* **YOUR TASK**
Please repeat exactly the lines from the one containing "Screen dimensions: 1232x953" through the last line of the records, both included, and nothing else, leaving out any pictures.

* **SUPPLIED RECORDS**
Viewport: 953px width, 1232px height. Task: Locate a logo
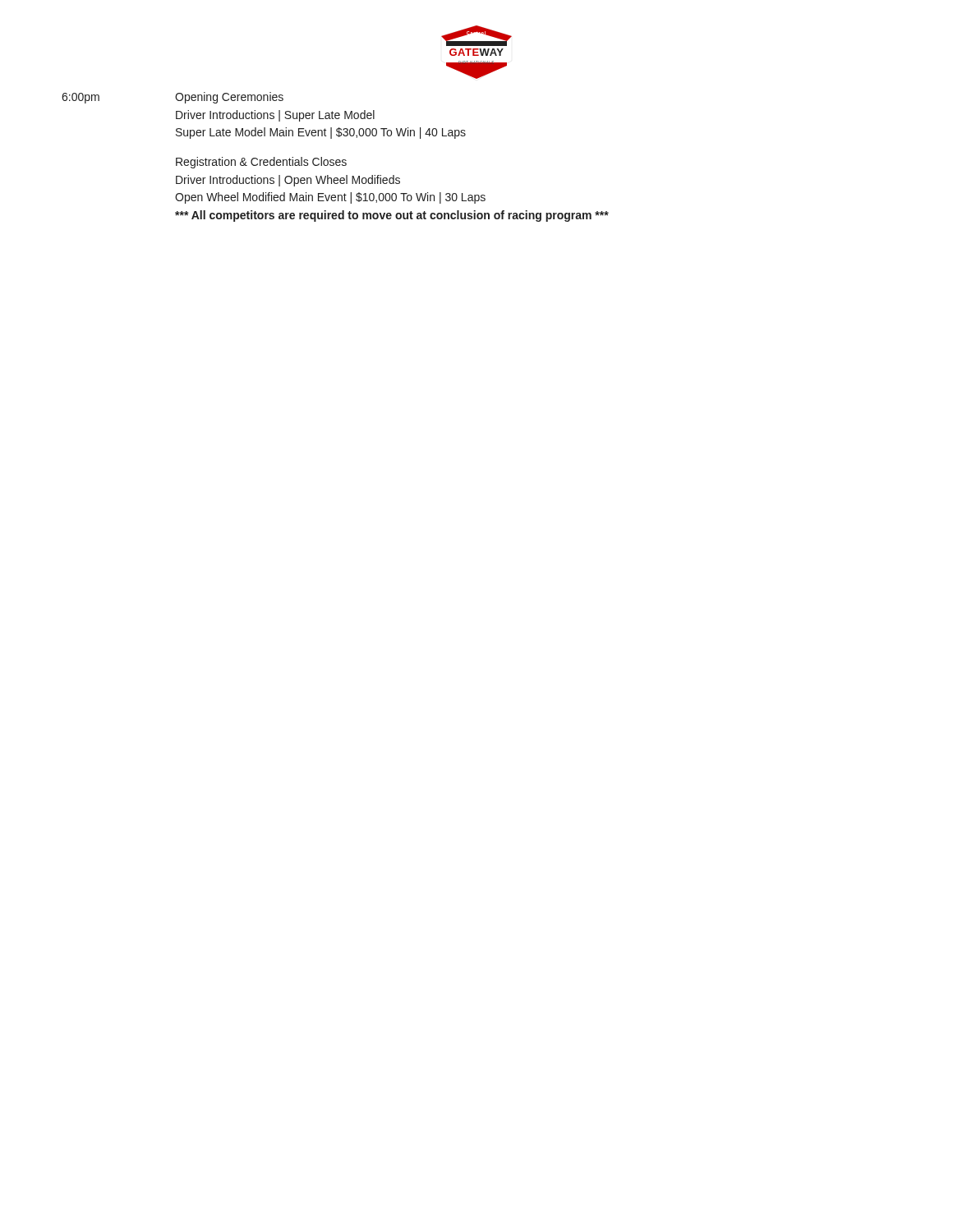(476, 53)
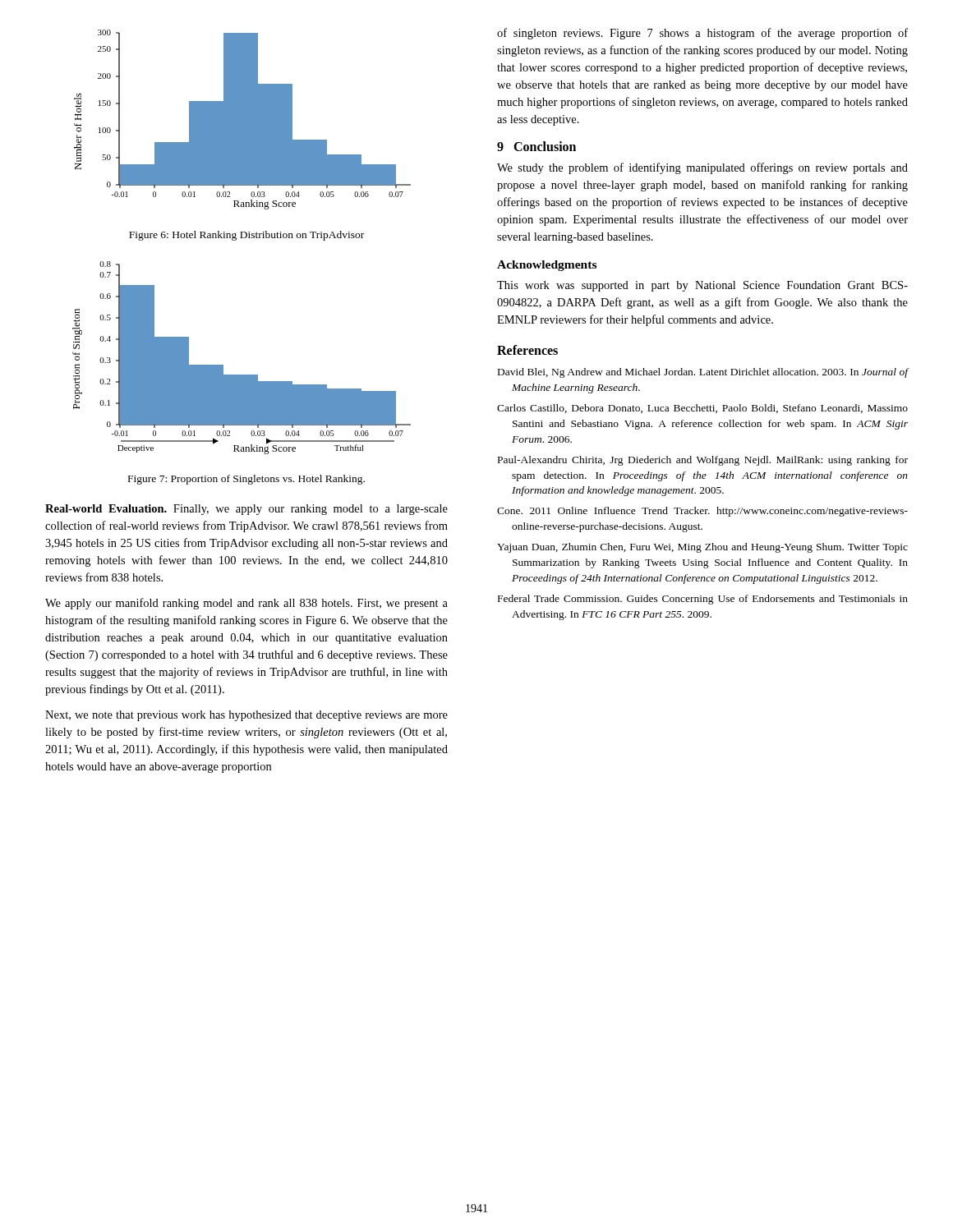Select the histogram
The image size is (953, 1232).
246,125
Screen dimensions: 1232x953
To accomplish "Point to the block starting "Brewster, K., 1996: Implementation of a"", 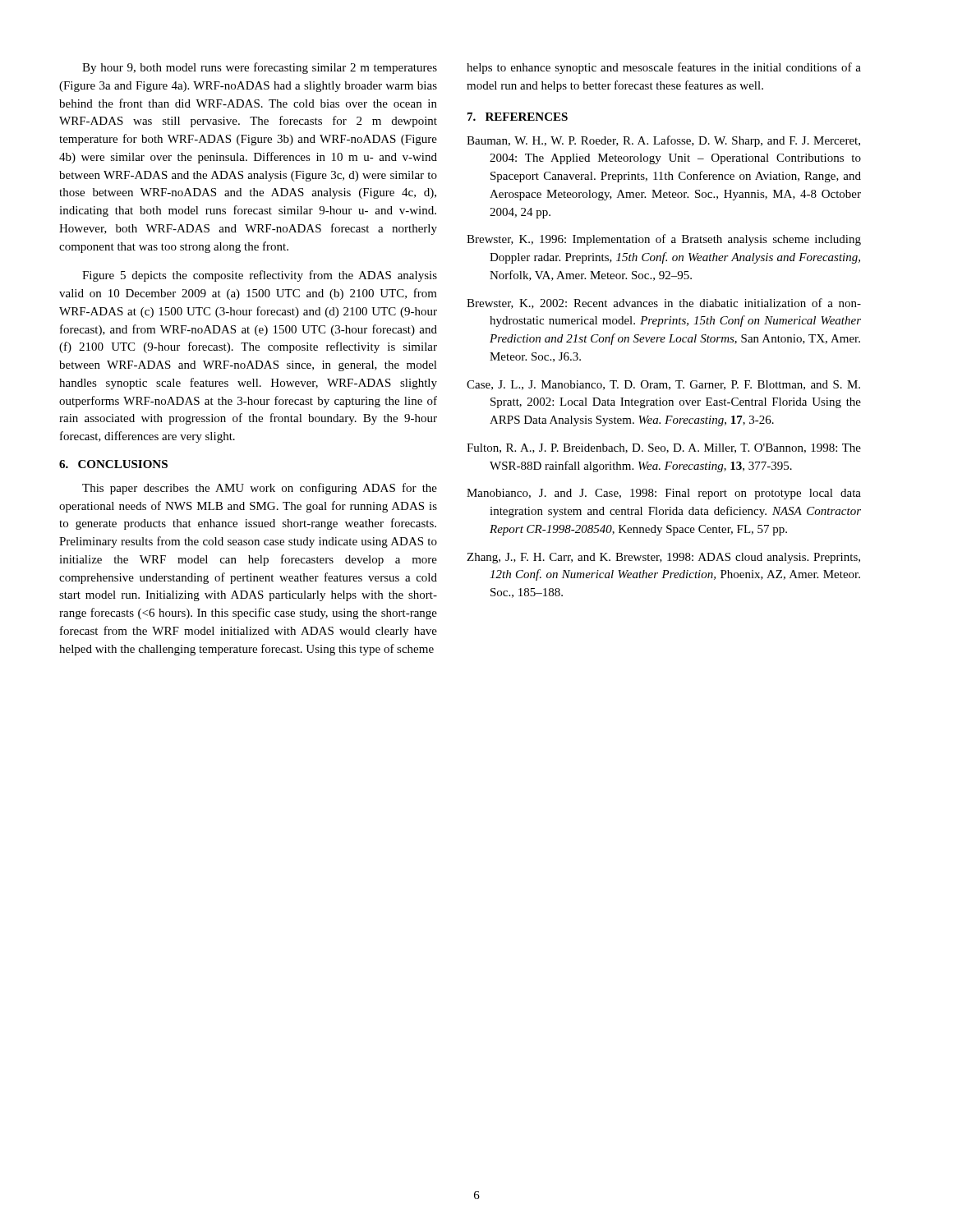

* **OUTPUT BELOW**
Screen dimensions: 1232x953
To accomplish "Point to the block starting "Brewster, K., 1996: Implementation of a"", 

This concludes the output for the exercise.